La anciana observó sorprendida como las plumas adheridas a la flecha comenzaban a transformarse en una extraña flor que brotaba del corazón de Mburukujá, pero cumplió con su promesa y cubrió la tumba de los jóvenes amantes. No pasó mucho tiempo antes de que los indios que recorrían la zona comenzaran a hablar de una extraña planta que nunca antes habían visto, y cuyas flores se cierran por la noche y se abren con los primeros rayos del sol, como si el nuevo día le diera vida.

Nota: Los jesuitas, identificaron la flor del mburucuyá con los atributos de la pasión cristiana: la corona de espinas, los tres clavos, las cinco llagas y las cuerdas con que ataron al Jesús en el Calvario. Y en los rojos e irregulares frutos, los religiosos creyeron ver las gotas coaguladas de la sangre de Cristo. Esta flor tan singular, se cierra como si se marchitara al ponerse el sol, y se abre cobrando su brillo natural cuando amanece.

Origen: Argentina, Bolivia, Brasil y  Paraguay. Crece espontáneamente en los alrededores de Buenos Aires, especialmente en la selva marginal (Delta del Paraná, orillas del Río de la Plata). Es cultivada como enredadera ornamental y medicinal.



Una de las flores con nombre más llamativo y simbólico es la pasionaria o passiflora. La también llamada flor de la pasión fue encontrada en Perú a principios del siglo XVI y pronto se extendió por Brasil, México, Estados Unidos y las Antillas. Este nombre lo ostenta desde el siglo XVII, cuando el Papa Pablo V consideró que era la representación de la Pasión de Cristo, por los filamentos que componen la flor y que evocan a la corona de espinas de Jesucristo; además, los estambres representarían las cinco heridas en su cuerpo, los tres estilos, los clavos de la cruz y los pétalos, a los doce apóstoles. 
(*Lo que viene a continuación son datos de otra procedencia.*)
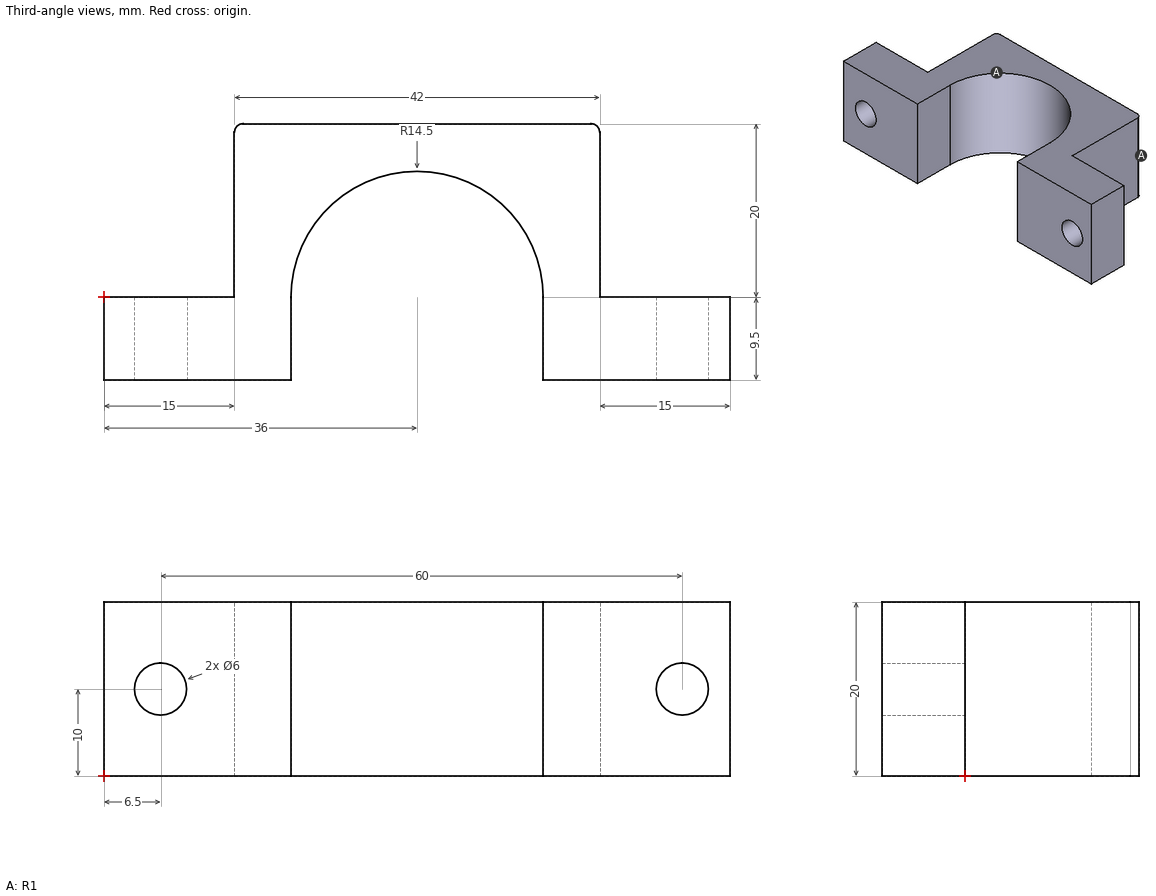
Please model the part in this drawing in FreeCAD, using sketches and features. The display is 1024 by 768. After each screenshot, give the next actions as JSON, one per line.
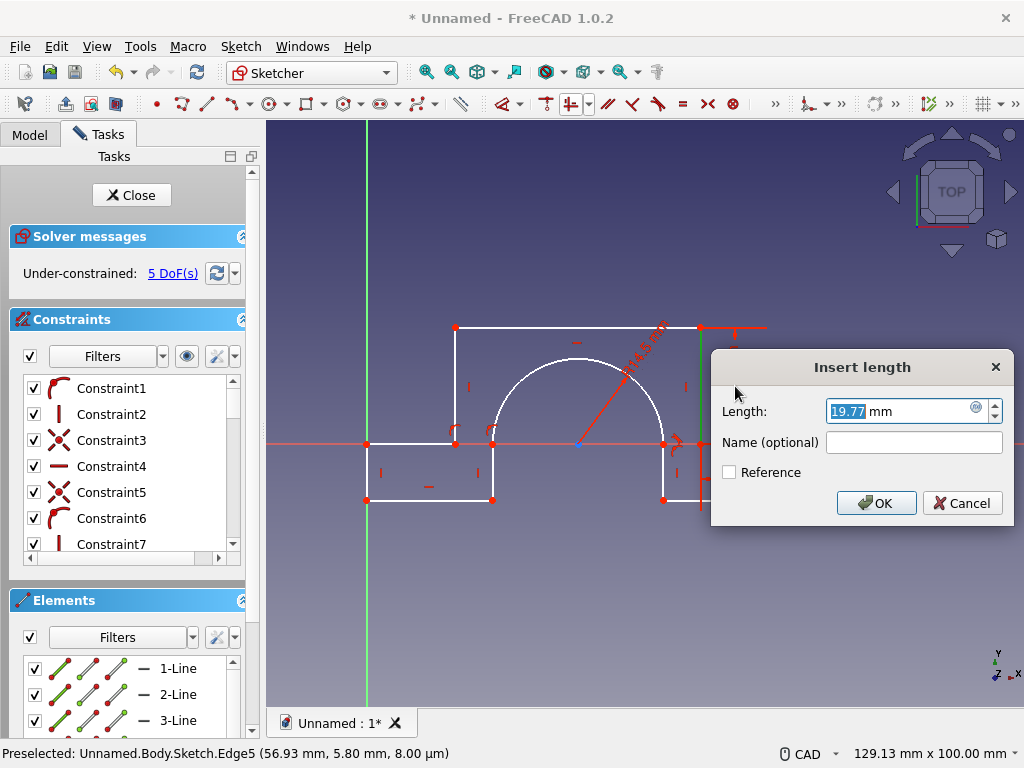
{"action": "type", "text": "20"}
{"action": "key", "text": "Return"}

Existen 400 especies del género de la passifloráceas. Son lianas trepadoras que llegan hasta los 9 metros de altura, con los tallos leñosos y la raíz perenne. Sus flores de unos 5 centímetros de diámetro, desprenden un aroma agradable y varían desde colores como el blanco hasta el rosa, pasando por el lavanda pálido o malva. La corona está formada por pétalos rodeados de un círculo triple compuesto por finos filamentos. 
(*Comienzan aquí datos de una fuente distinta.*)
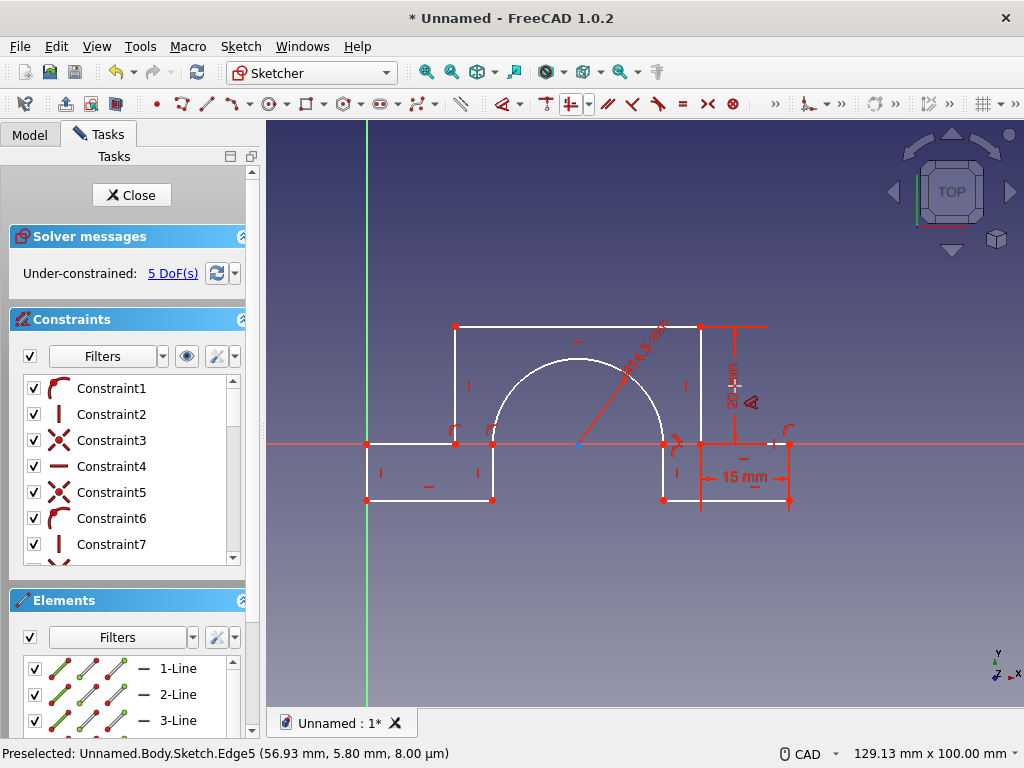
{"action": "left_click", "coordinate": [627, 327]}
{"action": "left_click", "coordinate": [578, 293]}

Propiedades curativas: Los guaraníes han utilizado esta planta desde siempre para elaborar cataplasmas con las que trataban quemaduras, heridas e inflamaciones. La flor , que nace en primavera, contiene compuestos que le otorgan propiedades analgésicas -calma el dolor-, ansiolíticas -calma la ansiedad-, y se puede usar como sedante hinóptico suave, así como aplicarlo para paliar la hipertensión arterial.      
Una infusión hecha con esta flor puede tener grandes beneficios, pero es importante tomar siempre compuestos prescritos por el médico, ya que puede tener efectos adversos por un uso inadecuado como vómitos o taquicardias. 
El fruto de tamaño de un huevo y con un color amarillento, sale a finales de verano o  a principios de otoño; es comestible, pero sólo si está bien maduro, ya que de lo contrario puede ser tóxico y provocar daños en el estómago. Si la dosis es muy elevada puede derivar incluso en inconsciencia y alucinaciones.
Esta flor es, sin duda, una especie versátil, tanto por sus características medicinales como por su gran valor ornamental, exuberante y exótica.